Maybe there is no universal advice here – and it might be a good idea for a brainstorm – what coding practices would reduce this ratio? Here are some examples that I can think about:
– Avoid “unsafe” coding style, that could cause buffer overruns. Prefer using automatic memory-management techniques instead of manually calling “malloc/free”. If you can program in VB/C#, even better. C++ is not for everyone, C even less. But if you program in C++, use STL or STL-style classes as opposed to C-style programming.
– Isolate software modules as much as possible, even if you take, say, a 10-20% perf decrease by spending time in additional communication overhead. Yes, I know it’s less performant, but a good software enginneer knows how to optimize for performance without sacrificing principles like inter-module isolation and reliability.
– Avoid spaghetti-code like hell – each module should maintain its own state. Avoid sharing state across many modules. Use OOP or even procedural programming to drive your flow instead.
– Suspicious code, or low-quality code should live in its own process. If the memory is corrupted, only that process sufferrs – memory corruptions will not have ripple effects on other modules.
– Also, it is best to not have long-running processes. Yes, it sounds weird, but it’s logical – if you have a bug causing memory corruption, the probability of that corruption affecting your process grows asymptotically to 1 over time. So, short-living processes have less chances to be affected by corruption than long-lived processes.
– As often as possible, you should  check the consistency of your data structures. Don’t assume that if you put the value “1” in variable “X”, you will still have “1” ten minutes from now. There might be a memory corruption that affects your variable, and the sooner you detect the problem, the better.
– Avoid putting stuff in kernel-mode. Move as much logic as possible in user-mode, again, with the necessary tradeoff against performance, etc.
– Do not eat exceptions – use reporting mechanisms like Dr. Watson, or the ReportFault( ) API. Dr. Watson is your friend.
– And, finally, be extremely aware about multithreading programming. Whenever there are two threads sharing state, you have a much higher potential of subtle memory corruptions than in normal code.

Do you have any other advices? Let me know in your comments area…

[update – minor fixes]

Comments (3)

  1. Oh Well says:

    Do not reference count manually. Please use smart pointers or something. But never ref count manually. Always run the test in chked, verifier environments. For every potential memory corrupting statement you write, think about how it could corrupt memory and why it wouldn’t and add asserts for this case and if asserts are not possible add comments. I think using VirtualPC might be useful to catch some data breakpoint type or disk I/O type peeking debugging but I haven’t tried it or seen anyone use it.

  2. AdiOltean says:

    Yes – I completely agree about the manual ref count…

  3. haseeb qadir says:

    Do not eat exceptions – use reporting mechanisms like Dr. Watson, or the ReportFault( ) API. Dr. Watson is your friend.
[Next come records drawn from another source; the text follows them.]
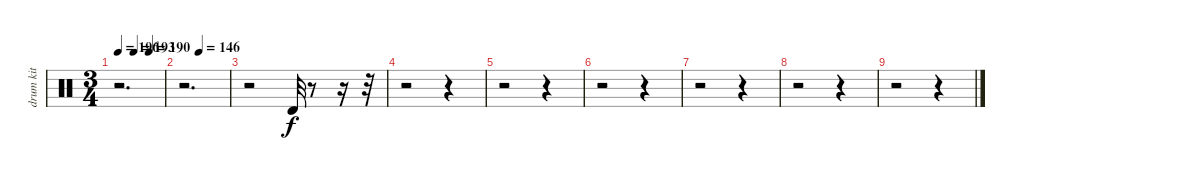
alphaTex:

\track (" drum kit (hi-hat/cymbals)" " drum kit ") {instrument percussion}
\staff {score}
\articulation defaults
\ts (3 4)
\tempo 196
\tempo (193 0.3472222222222222)
\tempo (190 0.6805555555555556)
\clef neutral
\ks c
r.2{d dy mf} |
\tempo (146 0.3472222222222222)
r.2{d} |
r.2 "Timbale high (hit)".32{dy f} r.8 r.16 r.32 |
r.2 r.4 |
r.2 r.4 |
r.2 r.4 |
r.2 r.4 |
r.2 r.4 |
r.2 r.4
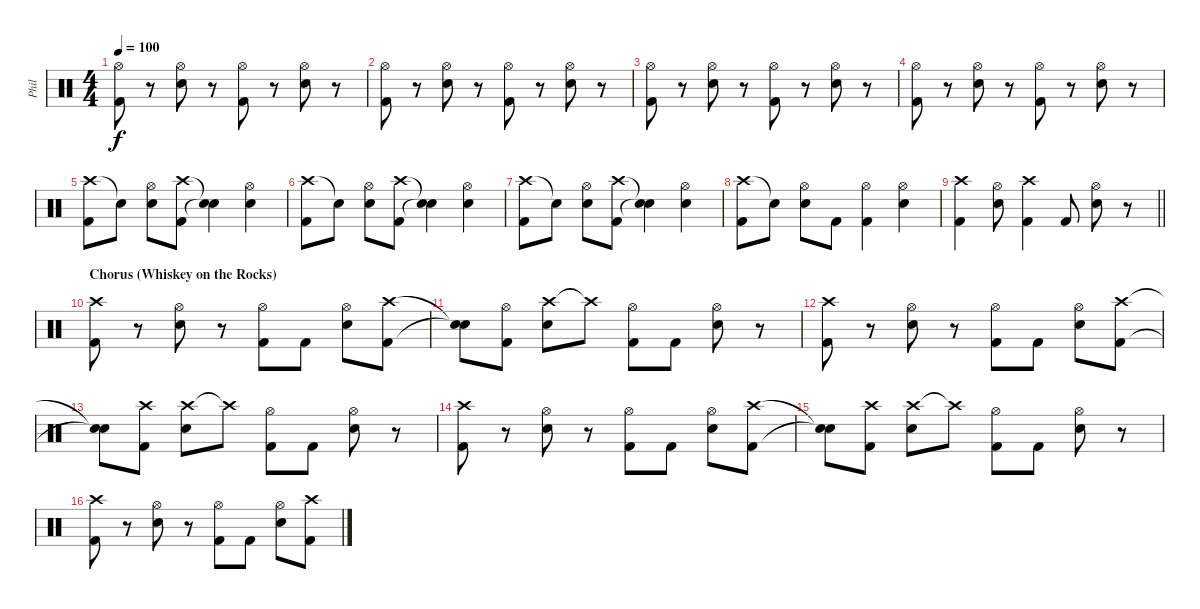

    One Windows XP, Server 2003 and Vista it’s best to not to do anything at all. Let the OS’s error reporting mechanism do it’s magic and report the failure to Microsoft. You don’t even need to call the ReportFault api.

    Once an unexpected exception occurs your program is an unknown state (heap might be corrupted, variables might be in an unexpected state). Simple things like a malloc call might fail or worse, cause another exception in your exception filter. Trying to execute code after the fact is generally not a good idea.